-- Data to examine follows --

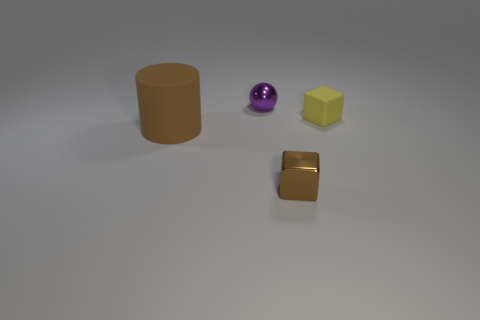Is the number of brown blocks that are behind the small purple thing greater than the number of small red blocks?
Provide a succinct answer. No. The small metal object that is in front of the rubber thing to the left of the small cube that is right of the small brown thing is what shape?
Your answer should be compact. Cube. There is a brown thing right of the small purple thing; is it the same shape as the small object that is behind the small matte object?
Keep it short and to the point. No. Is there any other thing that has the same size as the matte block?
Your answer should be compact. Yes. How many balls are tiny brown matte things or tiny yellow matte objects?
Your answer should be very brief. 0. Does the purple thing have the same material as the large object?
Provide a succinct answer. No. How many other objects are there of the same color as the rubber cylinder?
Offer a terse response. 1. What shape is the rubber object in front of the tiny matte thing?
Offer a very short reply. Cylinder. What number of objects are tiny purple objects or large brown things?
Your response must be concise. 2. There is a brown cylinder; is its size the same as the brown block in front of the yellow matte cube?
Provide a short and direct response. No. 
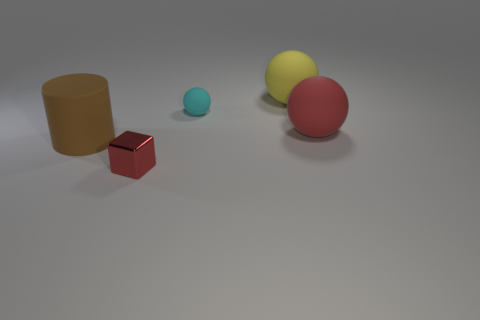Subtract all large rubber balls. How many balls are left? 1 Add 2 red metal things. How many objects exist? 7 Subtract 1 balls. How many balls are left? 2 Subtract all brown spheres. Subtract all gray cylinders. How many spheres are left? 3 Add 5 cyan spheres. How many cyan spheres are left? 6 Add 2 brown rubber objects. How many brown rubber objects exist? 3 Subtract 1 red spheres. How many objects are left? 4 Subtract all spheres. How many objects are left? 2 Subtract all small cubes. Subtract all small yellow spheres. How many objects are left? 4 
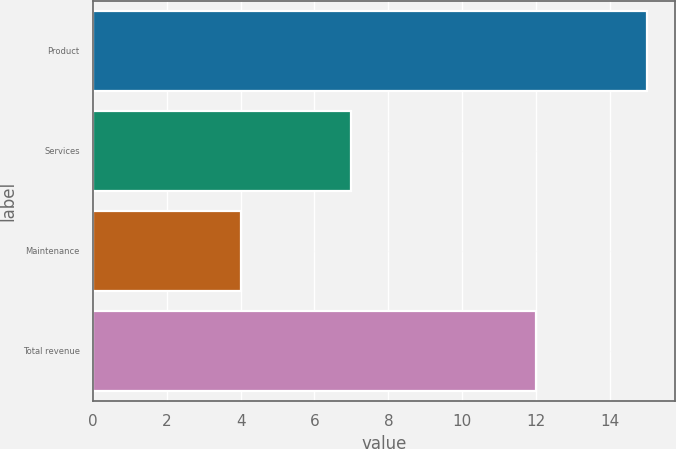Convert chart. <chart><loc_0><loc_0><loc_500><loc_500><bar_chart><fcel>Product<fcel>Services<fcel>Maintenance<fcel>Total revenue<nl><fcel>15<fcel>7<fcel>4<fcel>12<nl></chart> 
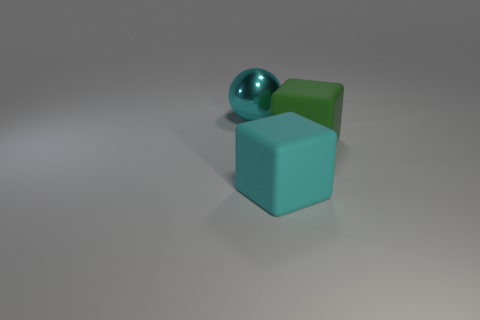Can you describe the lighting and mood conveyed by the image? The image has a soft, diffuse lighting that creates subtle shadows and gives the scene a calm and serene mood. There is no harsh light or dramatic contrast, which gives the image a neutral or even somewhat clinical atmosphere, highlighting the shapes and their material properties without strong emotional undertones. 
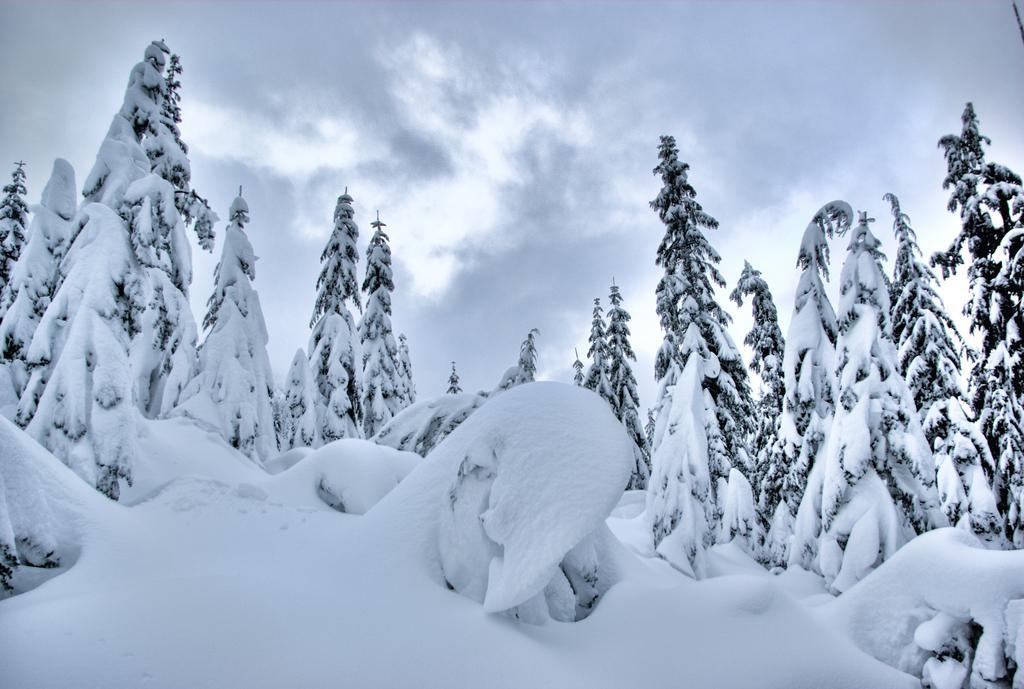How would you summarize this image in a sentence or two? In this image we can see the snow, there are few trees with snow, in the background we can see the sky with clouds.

-- Data to examine concluded --
-- Data to examine follows --

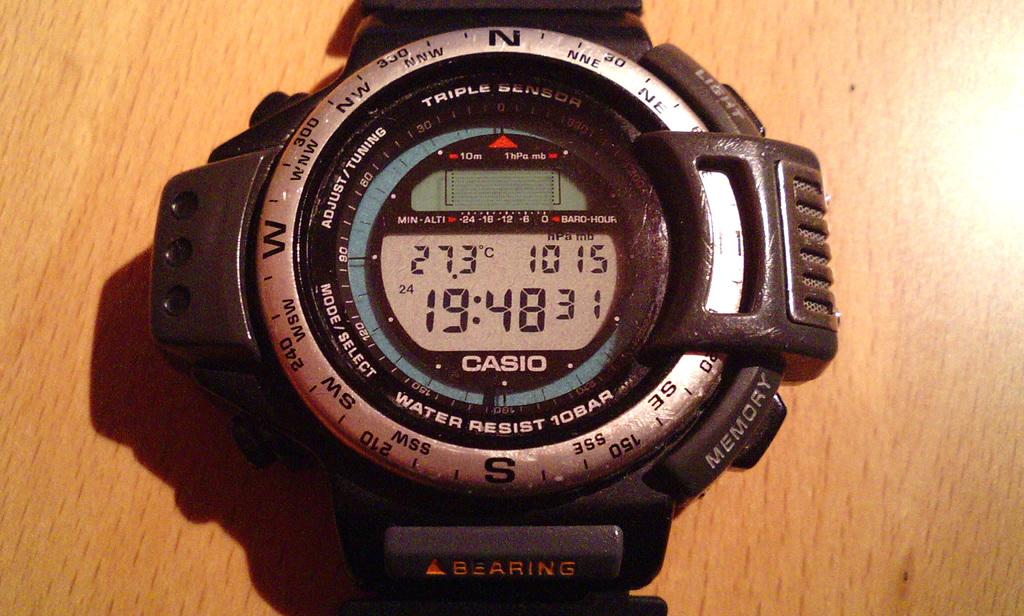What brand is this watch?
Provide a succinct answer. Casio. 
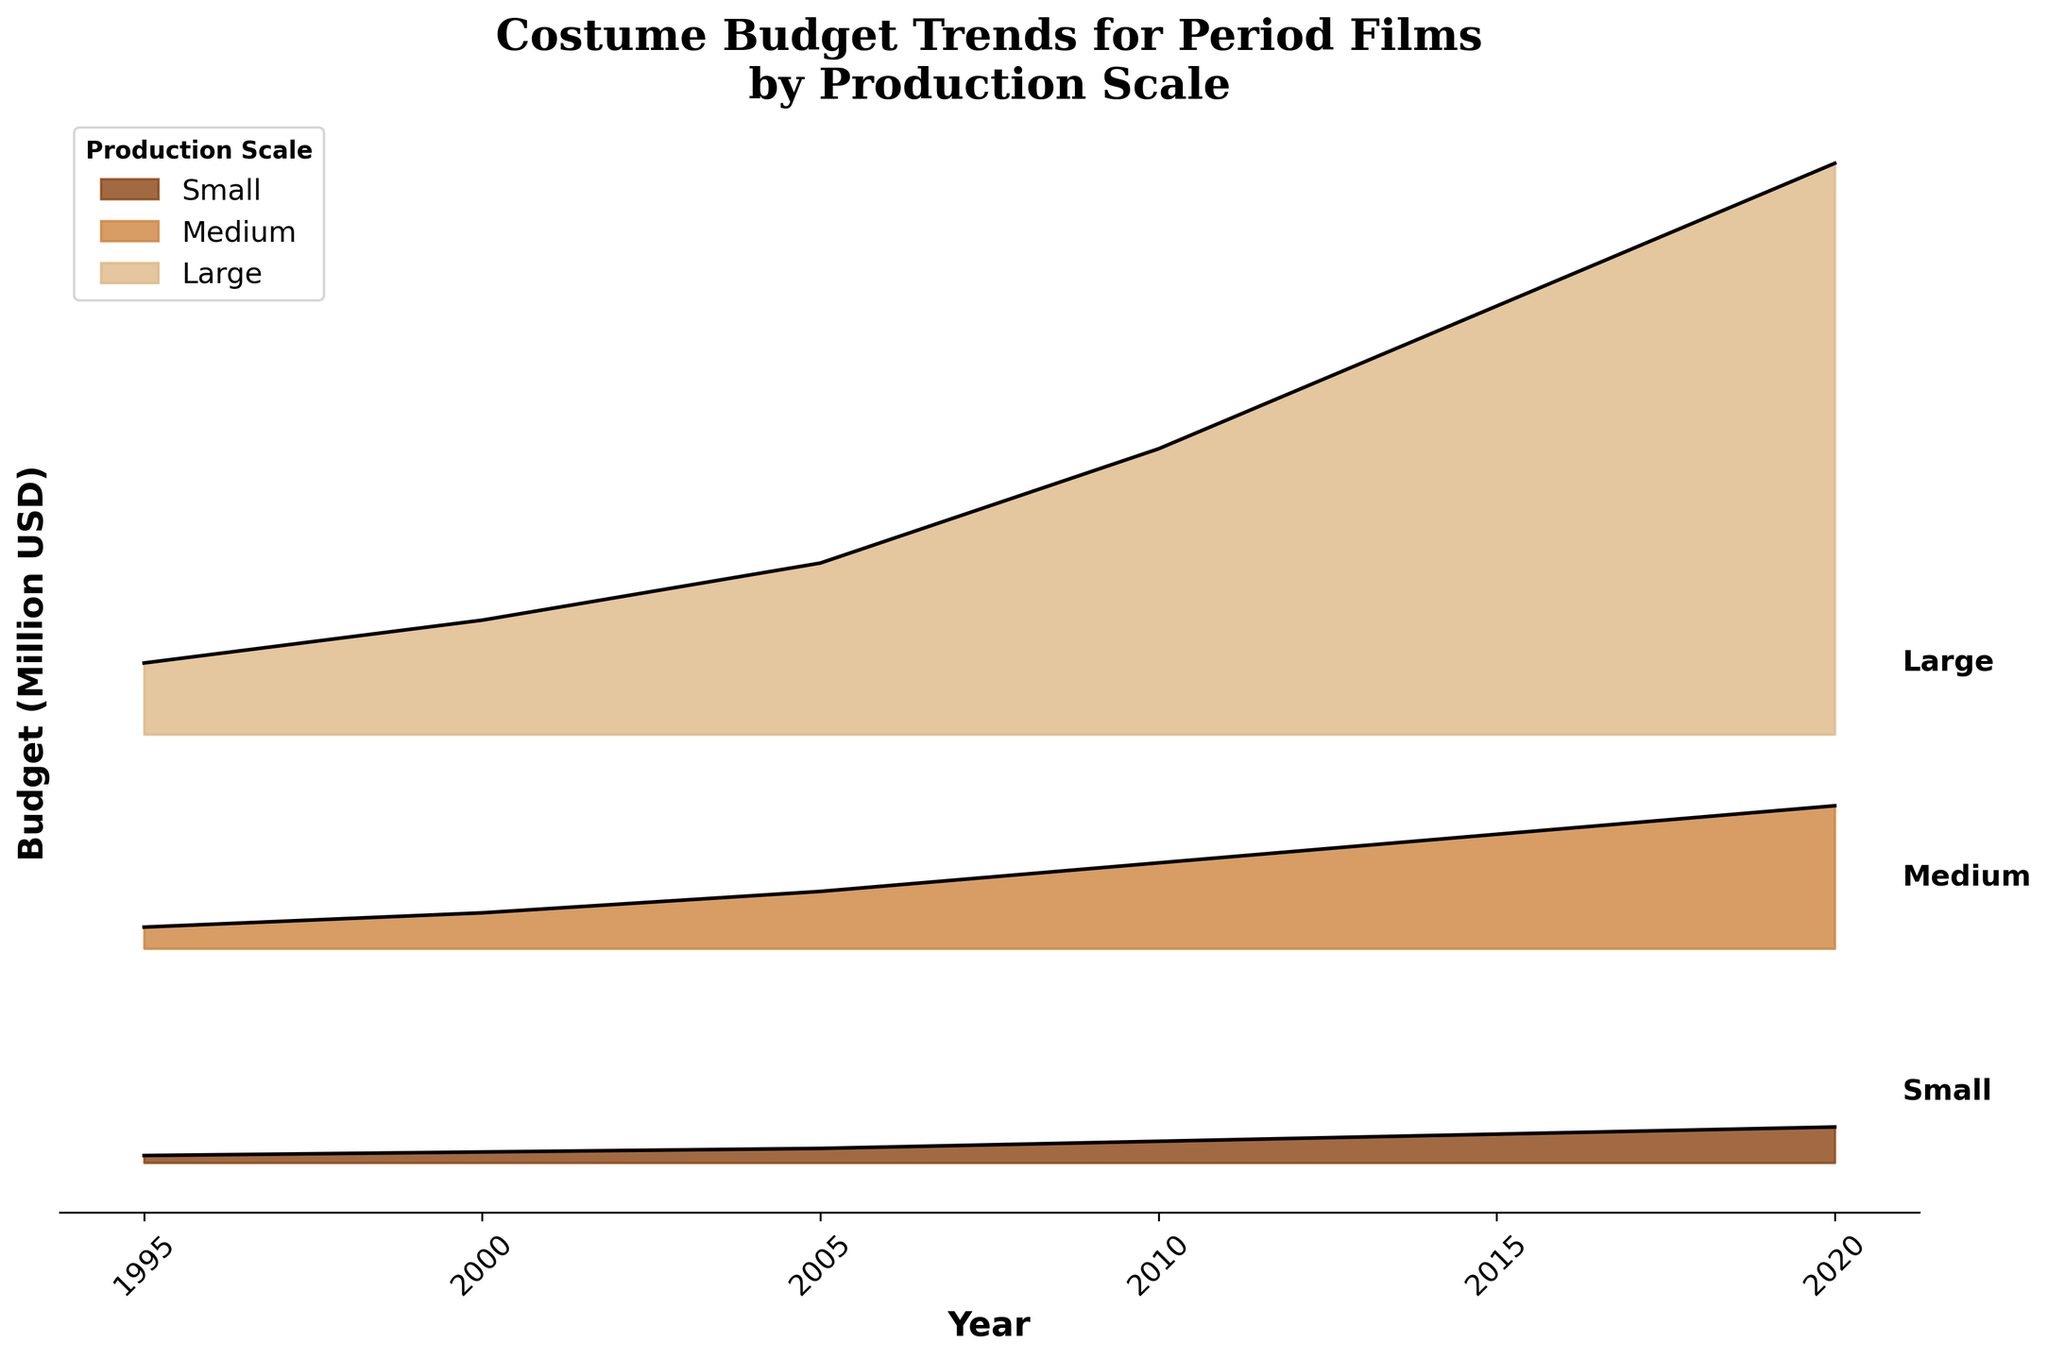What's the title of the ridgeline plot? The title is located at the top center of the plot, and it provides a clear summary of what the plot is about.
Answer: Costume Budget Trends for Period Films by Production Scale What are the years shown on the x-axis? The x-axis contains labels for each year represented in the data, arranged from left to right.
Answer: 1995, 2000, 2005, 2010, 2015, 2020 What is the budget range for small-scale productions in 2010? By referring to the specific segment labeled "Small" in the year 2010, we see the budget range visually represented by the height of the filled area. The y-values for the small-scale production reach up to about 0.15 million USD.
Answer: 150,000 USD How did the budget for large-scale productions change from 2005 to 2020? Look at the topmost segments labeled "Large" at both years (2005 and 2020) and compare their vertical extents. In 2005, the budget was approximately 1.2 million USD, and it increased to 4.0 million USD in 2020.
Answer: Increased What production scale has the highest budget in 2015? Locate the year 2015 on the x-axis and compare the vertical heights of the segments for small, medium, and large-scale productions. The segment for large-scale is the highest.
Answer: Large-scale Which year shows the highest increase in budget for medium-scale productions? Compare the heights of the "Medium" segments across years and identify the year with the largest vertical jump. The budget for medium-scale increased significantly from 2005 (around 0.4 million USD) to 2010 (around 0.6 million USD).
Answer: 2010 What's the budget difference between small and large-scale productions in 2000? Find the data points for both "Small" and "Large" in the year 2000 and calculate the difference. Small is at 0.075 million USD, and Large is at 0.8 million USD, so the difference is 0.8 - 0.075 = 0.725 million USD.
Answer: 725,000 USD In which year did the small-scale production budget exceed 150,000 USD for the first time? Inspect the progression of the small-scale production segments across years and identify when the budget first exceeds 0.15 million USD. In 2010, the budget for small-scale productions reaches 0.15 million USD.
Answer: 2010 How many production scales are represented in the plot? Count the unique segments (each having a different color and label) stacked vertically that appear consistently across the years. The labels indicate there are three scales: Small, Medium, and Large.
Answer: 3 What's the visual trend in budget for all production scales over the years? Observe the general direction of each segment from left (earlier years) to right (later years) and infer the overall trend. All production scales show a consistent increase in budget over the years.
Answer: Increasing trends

-- Data to examine concluded --

Task objective -> Scan the records above for the lines holding "Offer a terse" and "Your response must". Transcribe those two and every line between them word for word, and no others.

Answer section ->
Offer a terse response. 1. What shape is the rubber object in front of the tiny matte thing?
Offer a very short reply. Cylinder. What number of objects are tiny purple objects or large brown things?
Your response must be concise. 2. There is a brown cylinder; is its size the same as the brown block in front of the yellow matte cube?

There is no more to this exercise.